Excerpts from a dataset
▼

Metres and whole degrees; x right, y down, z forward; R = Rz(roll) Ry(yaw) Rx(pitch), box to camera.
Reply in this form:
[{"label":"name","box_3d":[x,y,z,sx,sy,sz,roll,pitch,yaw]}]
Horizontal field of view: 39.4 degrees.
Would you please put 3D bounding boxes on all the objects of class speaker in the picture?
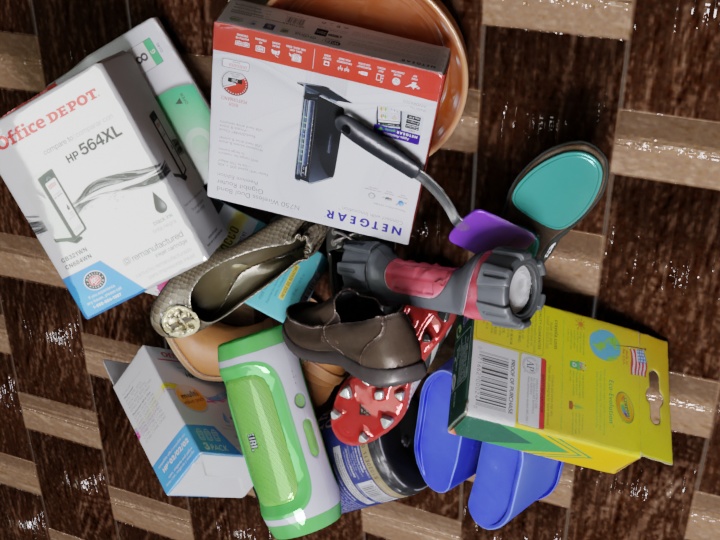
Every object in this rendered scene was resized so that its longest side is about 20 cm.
[{"label":"speaker","box_3d":[-0.082,0.162,1.017,0.088,0.088,0.203,-17,90,32]}]

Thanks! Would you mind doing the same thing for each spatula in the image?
[{"label":"spatula","box_3d":[0.058,-0.070,0.860,0.199,0.021,0.057,38,140,-5]}]

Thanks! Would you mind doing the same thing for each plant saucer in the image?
[{"label":"plant saucer","box_3d":[-0.001,-0.179,0.896,0.197,0.032,0.202,8,129,10]}]

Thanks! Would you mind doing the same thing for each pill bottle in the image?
[{"label":"pill bottle","box_3d":[-0.023,0.209,1.104,0.199,0.112,0.113,-23,107,33]}]

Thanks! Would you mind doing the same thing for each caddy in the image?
[{"label":"caddy","box_3d":[0.137,0.156,1.005,0.141,0.104,0.202,32,134,32]}]

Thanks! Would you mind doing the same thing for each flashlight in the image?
[{"label":"flashlight","box_3d":[0.064,0.005,0.885,0.198,0.068,0.069,11,81,41]}]

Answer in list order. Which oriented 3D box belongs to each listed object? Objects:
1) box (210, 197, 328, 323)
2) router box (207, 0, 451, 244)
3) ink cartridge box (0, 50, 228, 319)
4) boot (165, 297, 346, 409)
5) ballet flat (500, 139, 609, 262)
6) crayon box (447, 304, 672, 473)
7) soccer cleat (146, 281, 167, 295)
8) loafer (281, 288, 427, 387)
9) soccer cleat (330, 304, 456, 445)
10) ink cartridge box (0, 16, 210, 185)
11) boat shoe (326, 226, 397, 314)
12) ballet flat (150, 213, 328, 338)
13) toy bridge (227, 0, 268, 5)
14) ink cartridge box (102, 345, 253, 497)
[{"label":"box","box_3d":[-0.139,-0.023,1.038,0.198,0.049,0.083,27,86,9]},{"label":"router box","box_3d":[-0.033,-0.128,0.892,0.197,0.049,0.181,13,130,5]},{"label":"ink cartridge box","box_3d":[-0.239,-0.080,0.944,0.145,0.084,0.202,-25,104,15]},{"label":"boot","box_3d":[-0.107,0.072,1.093,0.199,0.074,0.155,39,128,-12]},{"label":"ballet flat","box_3d":[0.157,-0.054,0.886,0.068,0.069,0.201,32,136,0]},{"label":"crayon box","box_3d":[0.181,0.103,0.906,0.197,0.128,0.051,16,148,-10]},{"label":"soccer cleat","box_3d":[-0.235,-0.007,1.116,0.198,0.070,0.087,28,142,11]},{"label":"loafer","box_3d":[-0.006,0.049,0.919,0.199,0.072,0.072,13,110,53]},{"label":"soccer cleat","box_3d":[0.038,0.090,0.998,0.068,0.085,0.201,34,109,10]},{"label":"ink cartridge box","box_3d":[-0.241,-0.127,0.987,0.199,0.050,0.162,-32,103,-2]},{"label":"boat shoe","box_3d":[0.000,0.000,1.004,0.066,0.057,0.202,3,119,24]},{"label":"ballet flat","box_3d":[-0.115,0.006,0.973,0.199,0.046,0.068,-32,130,-3]},{"label":"toy bridge","box_3d":[-0.089,-0.238,0.925,0.066,0.027,0.202,17,125,16]},{"label":"ink cartridge box","box_3d":[-0.194,0.153,1.116,0.068,0.115,0.200,-51,53,17]}]
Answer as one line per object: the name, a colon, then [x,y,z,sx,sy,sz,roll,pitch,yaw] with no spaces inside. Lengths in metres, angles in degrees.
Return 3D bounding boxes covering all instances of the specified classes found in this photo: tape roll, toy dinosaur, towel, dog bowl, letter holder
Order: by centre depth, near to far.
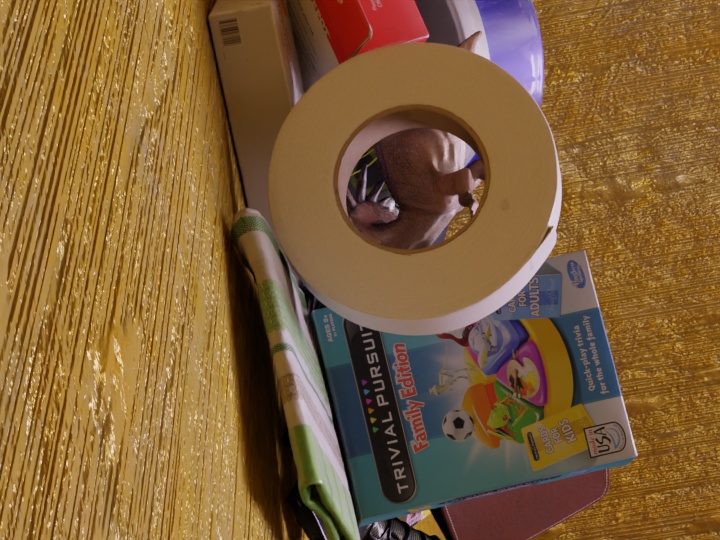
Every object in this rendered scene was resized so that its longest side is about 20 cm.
towel: [-0.045,0.076,1.491,0.149,0.031,0.201,65,10,-62]
tape roll: [0.037,-0.056,1.528,0.037,0.202,0.204,67,15,-70]
toy dinosaur: [0.038,-0.084,1.617,0.086,0.135,0.201,30,61,-61]
letter holder: [0.102,0.115,1.718,0.101,0.142,0.200,60,-5,37]
dog bowl: [0.061,-0.177,1.856,0.200,0.079,0.201,29,-54,51]

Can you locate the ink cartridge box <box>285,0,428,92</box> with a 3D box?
ink cartridge box: [-0.017,-0.187,1.637,0.117,0.067,0.200,66,-23,10]

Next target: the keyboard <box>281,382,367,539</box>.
keyboard: [-0.024,0.135,1.620,0.104,0.039,0.200,66,20,-16]

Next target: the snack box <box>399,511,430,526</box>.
snack box: [0.061,0.115,1.993,0.142,0.053,0.201,-25,128,-65]

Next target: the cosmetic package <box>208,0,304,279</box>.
cosmetic package: [-0.062,-0.100,1.618,0.083,0.050,0.201,-88,167,-71]

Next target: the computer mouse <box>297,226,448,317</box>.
computer mouse: [0.000,0.000,1.785,0.200,0.053,0.139,-51,149,-29]

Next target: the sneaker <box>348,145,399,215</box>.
sneaker: [0.033,-0.081,1.713,0.074,0.084,0.201,47,40,-39]

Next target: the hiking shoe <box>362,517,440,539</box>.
hiking shoe: [0.029,0.213,1.716,0.076,0.100,0.201,-92,166,-60]

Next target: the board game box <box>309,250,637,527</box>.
board game box: [0.078,0.083,1.586,0.047,0.199,0.152,104,-27,-77]
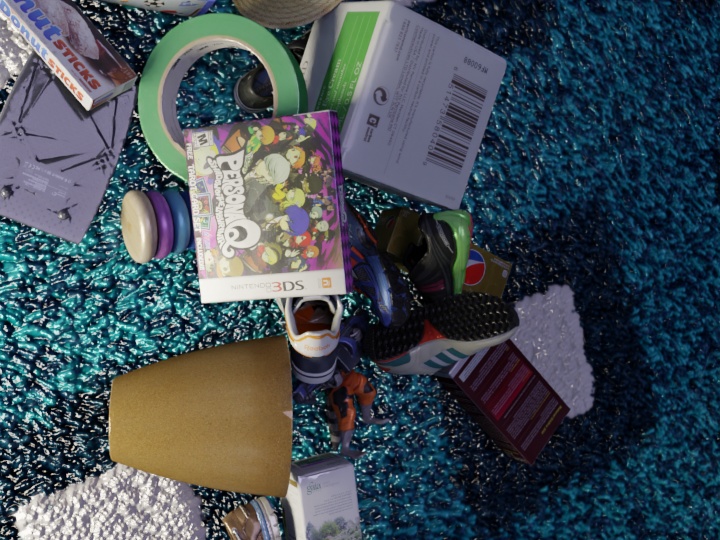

▲

■ **Problem statement**: Set down the entries above exactly, and keep every picture out of your copy.

■ **Problem solution**:
Metres and whole degrees; x right, y down, z forward; R = Rz(roll) Ry(yaw) Rx(pitch), box to camera.
Reply in this form:
[{"label":"name","box_3d":[x,y,z,sx,sy,sz,roll,pitch,yaw]}]
Horizontal field of view: 39.4 degrees.
Would you please put 3D bounding boxes on all the objects of class speaker in the picture?
Every object in this rendered scene was resized so that its longest side is about 20 cm.
[{"label":"speaker","box_3d":[-0.082,0.162,1.017,0.088,0.088,0.203,-17,90,32]}]

Thanks! Would you mind doing the same thing for each spatula in the image?
[{"label":"spatula","box_3d":[0.058,-0.070,0.860,0.199,0.021,0.057,38,140,-5]}]

Thanks! Would you mind doing the same thing for each plant saucer in the image?
[{"label":"plant saucer","box_3d":[-0.001,-0.179,0.896,0.197,0.032,0.202,8,129,10]}]

Thanks! Would you mind doing the same thing for each pill bottle in the image?
[{"label":"pill bottle","box_3d":[-0.023,0.209,1.104,0.199,0.112,0.113,-23,107,33]}]

Thanks! Would you mind doing the same thing for each caddy in the image?
[{"label":"caddy","box_3d":[0.137,0.156,1.005,0.141,0.104,0.202,32,134,32]}]

Thanks! Would you mind doing the same thing for each flashlight in the image?
[{"label":"flashlight","box_3d":[0.064,0.005,0.885,0.198,0.068,0.069,11,81,41]}]

Answer in list order. Which oriented 3D box belongs to each listed object? Objects:
1) box (210, 197, 328, 323)
2) router box (207, 0, 451, 244)
3) ink cartridge box (0, 50, 228, 319)
4) boot (165, 297, 346, 409)
5) ballet flat (500, 139, 609, 262)
6) crayon box (447, 304, 672, 473)
7) soccer cleat (146, 281, 167, 295)
8) loafer (281, 288, 427, 387)
9) soccer cleat (330, 304, 456, 445)
10) ink cartridge box (0, 16, 210, 185)
11) boat shoe (326, 226, 397, 314)
12) ballet flat (150, 213, 328, 338)
13) toy bridge (227, 0, 268, 5)
14) ink cartridge box (102, 345, 253, 497)
[{"label":"box","box_3d":[-0.139,-0.023,1.038,0.198,0.049,0.083,27,86,9]},{"label":"router box","box_3d":[-0.033,-0.128,0.892,0.197,0.049,0.181,13,130,5]},{"label":"ink cartridge box","box_3d":[-0.239,-0.080,0.944,0.145,0.084,0.202,-25,104,15]},{"label":"boot","box_3d":[-0.107,0.072,1.093,0.199,0.074,0.155,39,128,-12]},{"label":"ballet flat","box_3d":[0.157,-0.054,0.886,0.068,0.069,0.201,32,136,0]},{"label":"crayon box","box_3d":[0.181,0.103,0.906,0.197,0.128,0.051,16,148,-10]},{"label":"soccer cleat","box_3d":[-0.235,-0.007,1.116,0.198,0.070,0.087,28,142,11]},{"label":"loafer","box_3d":[-0.006,0.049,0.919,0.199,0.072,0.072,13,110,53]},{"label":"soccer cleat","box_3d":[0.038,0.090,0.998,0.068,0.085,0.201,34,109,10]},{"label":"ink cartridge box","box_3d":[-0.241,-0.127,0.987,0.199,0.050,0.162,-32,103,-2]},{"label":"boat shoe","box_3d":[0.000,0.000,1.004,0.066,0.057,0.202,3,119,24]},{"label":"ballet flat","box_3d":[-0.115,0.006,0.973,0.199,0.046,0.068,-32,130,-3]},{"label":"toy bridge","box_3d":[-0.089,-0.238,0.925,0.066,0.027,0.202,17,125,16]},{"label":"ink cartridge box","box_3d":[-0.194,0.153,1.116,0.068,0.115,0.200,-51,53,17]}]
Answer as one line per object: the name, a colon, then [x,y,z,sx,sy,sz,roll,pitch,yaw] with no spaces inside. Lengths in metres, angles in degrees.
Return 3D bounding boxes covering all instances of the specified classes found in this photo: tape roll, toy dinosaur, towel, dog bowl, letter holder
Order: by centre depth, near to far.
Every object in this rendered scene was resized so that its longest side is about 20 cm.
towel: [-0.045,0.076,1.491,0.149,0.031,0.201,65,10,-62]
tape roll: [0.037,-0.056,1.528,0.037,0.202,0.204,67,15,-70]
toy dinosaur: [0.038,-0.084,1.617,0.086,0.135,0.201,30,61,-61]
letter holder: [0.102,0.115,1.718,0.101,0.142,0.200,60,-5,37]
dog bowl: [0.061,-0.177,1.856,0.200,0.079,0.201,29,-54,51]

Can you locate the ink cartridge box <box>285,0,428,92</box> with a 3D box?
ink cartridge box: [-0.017,-0.187,1.637,0.117,0.067,0.200,66,-23,10]

Next target: the keyboard <box>281,382,367,539</box>.
keyboard: [-0.024,0.135,1.620,0.104,0.039,0.200,66,20,-16]

Next target: the snack box <box>399,511,430,526</box>.
snack box: [0.061,0.115,1.993,0.142,0.053,0.201,-25,128,-65]

Next target: the cosmetic package <box>208,0,304,279</box>.
cosmetic package: [-0.062,-0.100,1.618,0.083,0.050,0.201,-88,167,-71]

Next target: the computer mouse <box>297,226,448,317</box>.
computer mouse: [0.000,0.000,1.785,0.200,0.053,0.139,-51,149,-29]

Next target: the sneaker <box>348,145,399,215</box>.
sneaker: [0.033,-0.081,1.713,0.074,0.084,0.201,47,40,-39]

Next target: the hiking shoe <box>362,517,440,539</box>.
hiking shoe: [0.029,0.213,1.716,0.076,0.100,0.201,-92,166,-60]

Next target: the board game box <box>309,250,637,527</box>.
board game box: [0.078,0.083,1.586,0.047,0.199,0.152,104,-27,-77]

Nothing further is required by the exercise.